Peter B. Bach, MD, of Memorial Sloan-Kettering Cancer Center, New York, and colleagues used a prediction model to examine the effect of computed tomography (CT) screening on individuals by comparing the frequency of lung cancer detection, resection, advanced lung cancer cases, and deaths from lung cancer with the rates that would have occurred in the absence of screening. The current research (a combination of three studies) included 3,246 asymptomatic current or former smokers screened for lung cancer beginning in 1998 either at one of two academic medical centers in the United States or an academic medical center in Italy with median follow-up of 3.9 years. Participants received annual scans with comprehensive evaluation and treatment of detected nodules.

The researchers found that screened individuals were three times more likely to be diagnosed with lung cancer (144 diagnosed cases versus 44.5 expected cases), and 10 times more likely to undergo surgery (109 individuals with lung surgery versus 10.9 expected cases). However, screening did not appear to reduce the risk of advanced lung cancer diagnoses or deaths due to lung cancer.

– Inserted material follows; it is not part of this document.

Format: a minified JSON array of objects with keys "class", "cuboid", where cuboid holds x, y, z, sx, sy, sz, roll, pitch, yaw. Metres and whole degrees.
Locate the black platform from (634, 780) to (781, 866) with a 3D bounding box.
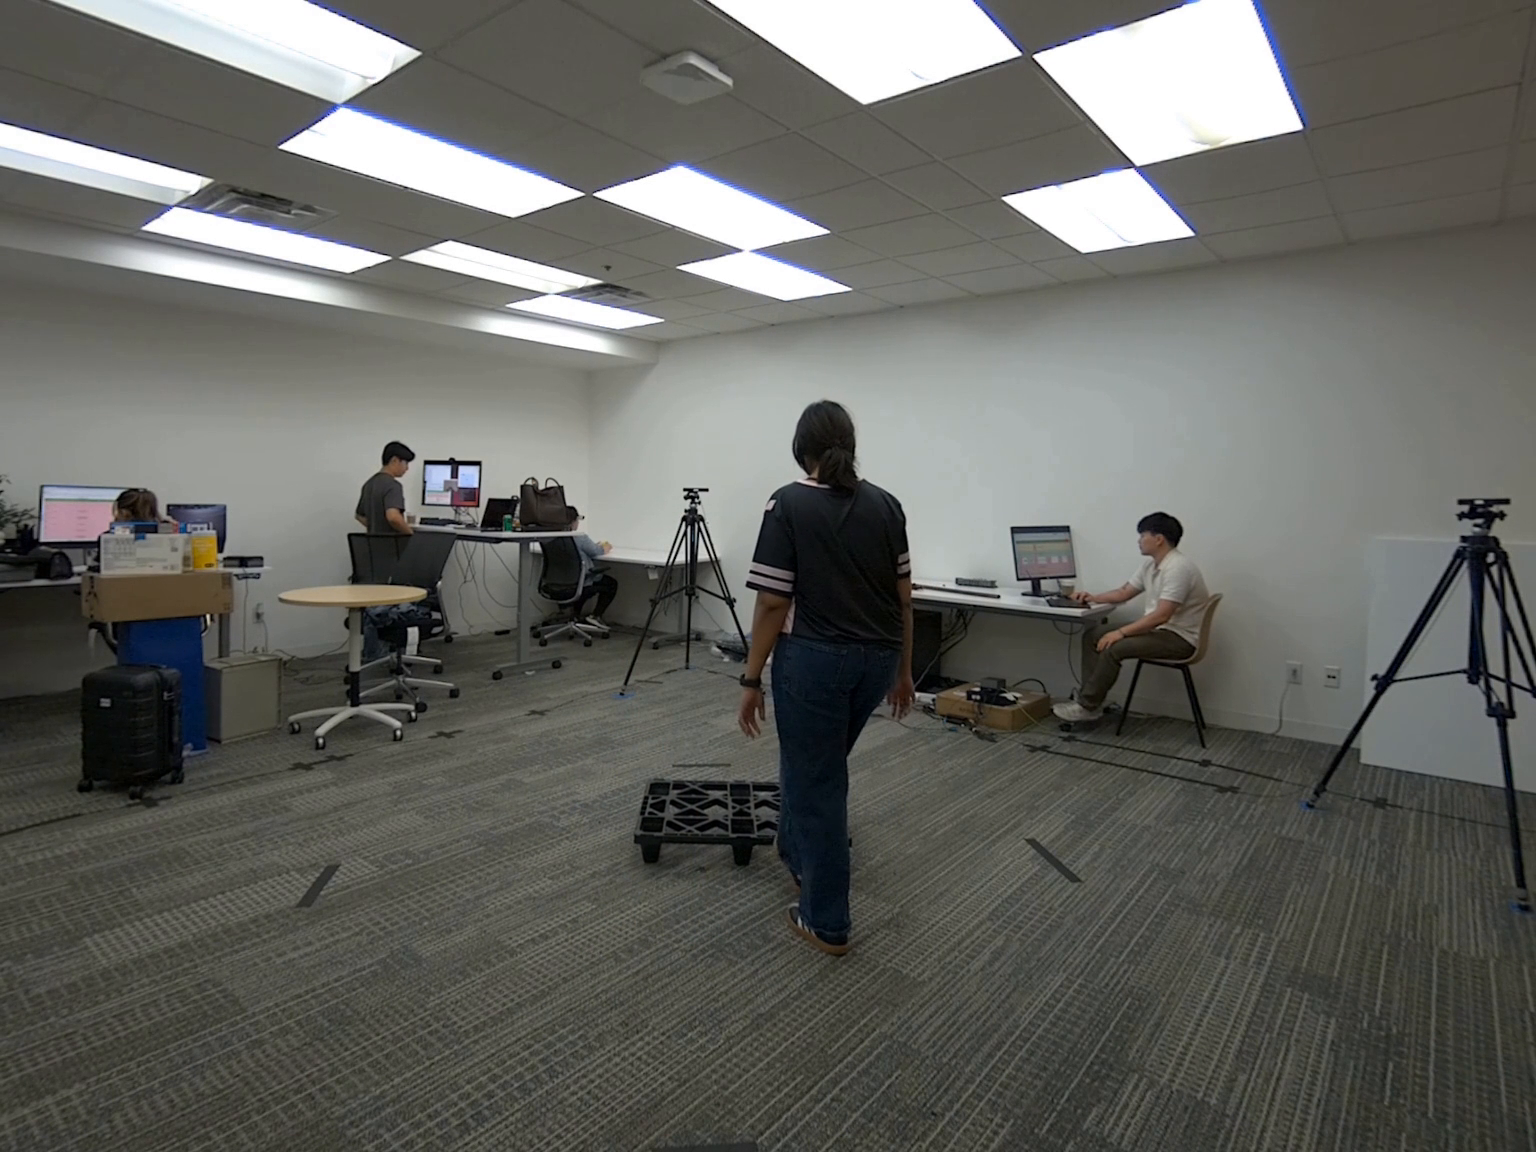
[{"class":"black platform","cuboid":[-0.117,0.976,3.379,0.805,0.143,0.608,1,6,-1]}]

"Our finding of a 10-fold increase in lung cancer surgeries resulting from screening underscores one of the potential public health consequences of CT screening. If the majority of excess early cancers found through screening are unlikely to progress rapidly to a point where they cause clinically significant disease or death, then the thoracic surgeries performed to remove them may be insufficiently beneficial to justify the resulting morbidities," the authors wrote.

"Our finding that CT screening is not associated with a reduction in the chance that a person will develop advanced lung cancer or die from lung cancer are important negative results that should influence how screening is viewed up until that time when more rigorous data are available from randomized trials."

"These findings, because they are thematically consistent with the findings of several randomized studies of lung cancer screening with chest X-ray, should raise doubts about the premise underpinning CT screening for lung cancer, and also raise concerns about its potential harms if pursued on a wide scale," the researchers concluded.

In an accompanying editorial, William C. Black, MD, and John A. Baron, MD, both of Dartmouth Medical School, Hanover, N.H., commented on the study, in which results differed significantly from results of a recent similar study.

"As Bach et al. acknowledge, formulation of screening policy should await the rigorous assessment that will be provided by ongoing randomized controlled trials (the National Lung Screening Trial in the U.S. and the NELSON Trial in Europe). Randomized controlled trials are the most reliable method for obtaining accurate assessments of the benefits and harms of screening in the underlying population. With this design, differences in outcome can be attributed to the intervention without reliance on highly modeled analyses with problematic assumptions. Although expensive and time-consuming, rigorous trials of cancer screening are far more cost-effective than what might be the alternative-widespread adoption of costly screening interventions that cause more harm than good."